The only concrete part is Israel re-opening the Kerem Shalom and Erez crossings that never closed (they are not going to open the old crossings) to allow construction materials, and to extend the fishing zone to 6 nautical miles – which Israel did after Operation Pillar of Defense, and then reportedly shortened it over time. All the other stuff Hamas is claiming – that they will build a sea port and an airport and everything else – is fantasy.

Almost certainly Israel will only allow construction materials into Gaza that go through NGOs.

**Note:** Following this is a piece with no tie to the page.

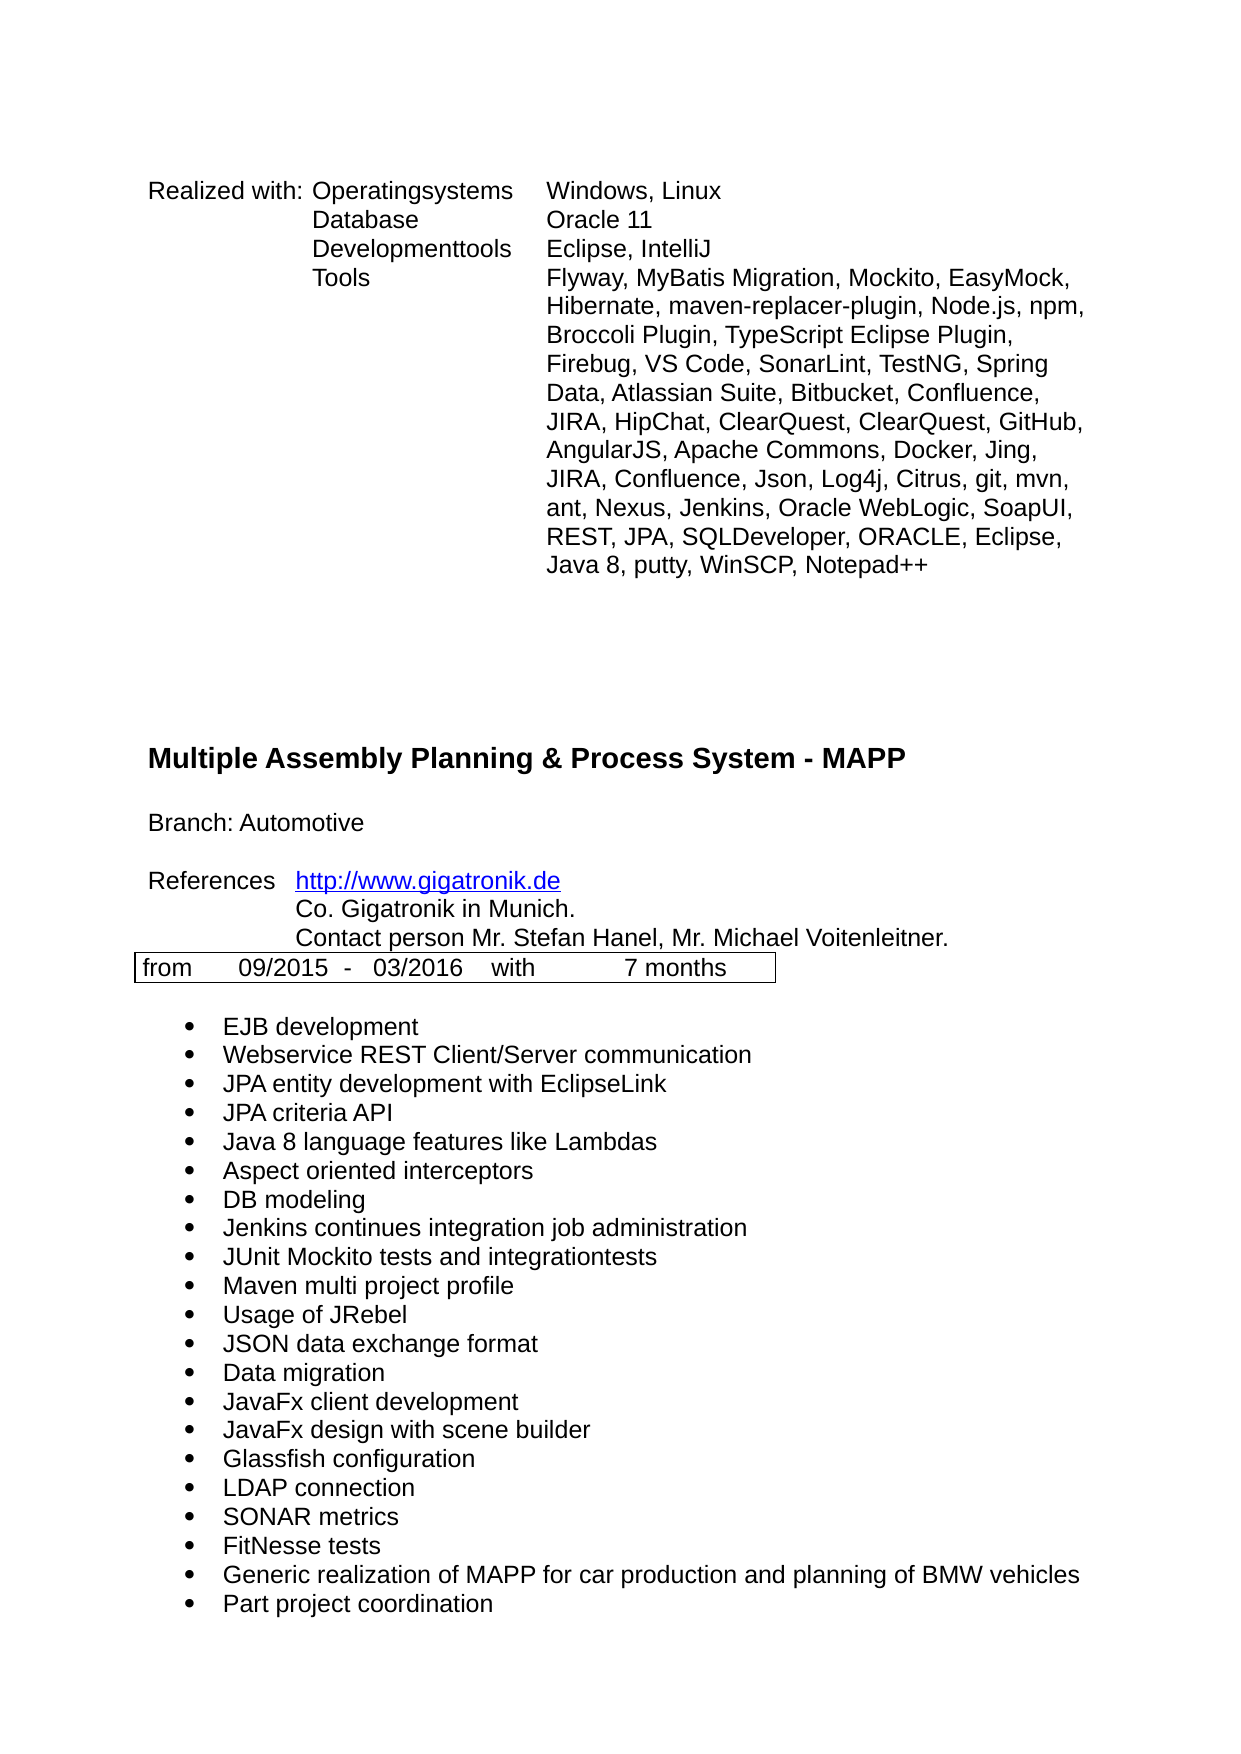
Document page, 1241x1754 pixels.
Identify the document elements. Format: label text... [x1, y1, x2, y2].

That doesn’t mean that they won’t be diverted, as they had been before, so it remains to be seen whether there will be additional restraints or controls on the dual-use items.

It is very clear that Hamas got very little more than they would have gotten during the first cease-fire proposal by Egypt before the ground invasion. The six mile fishing zone is mostly symbolic, that section of the Mediterranean is already overfished. Hamas celebrations are completely for pride.

Hamas is probably counting on being able to divert much of the international aid that will pour in.

Will the PA be able to leverage this into returning to a position of control in Gaza, especially Rafah? Egypt no doubt will push for that as a condition to re-open Rafah the way it was under the Muslim Brotherhood.

We won’t know if this truce will be worth it for years – if Hamas holds its fire and the fire of its partners. But we do know that Israel didn’t promise any of the things that Hamas is claiming.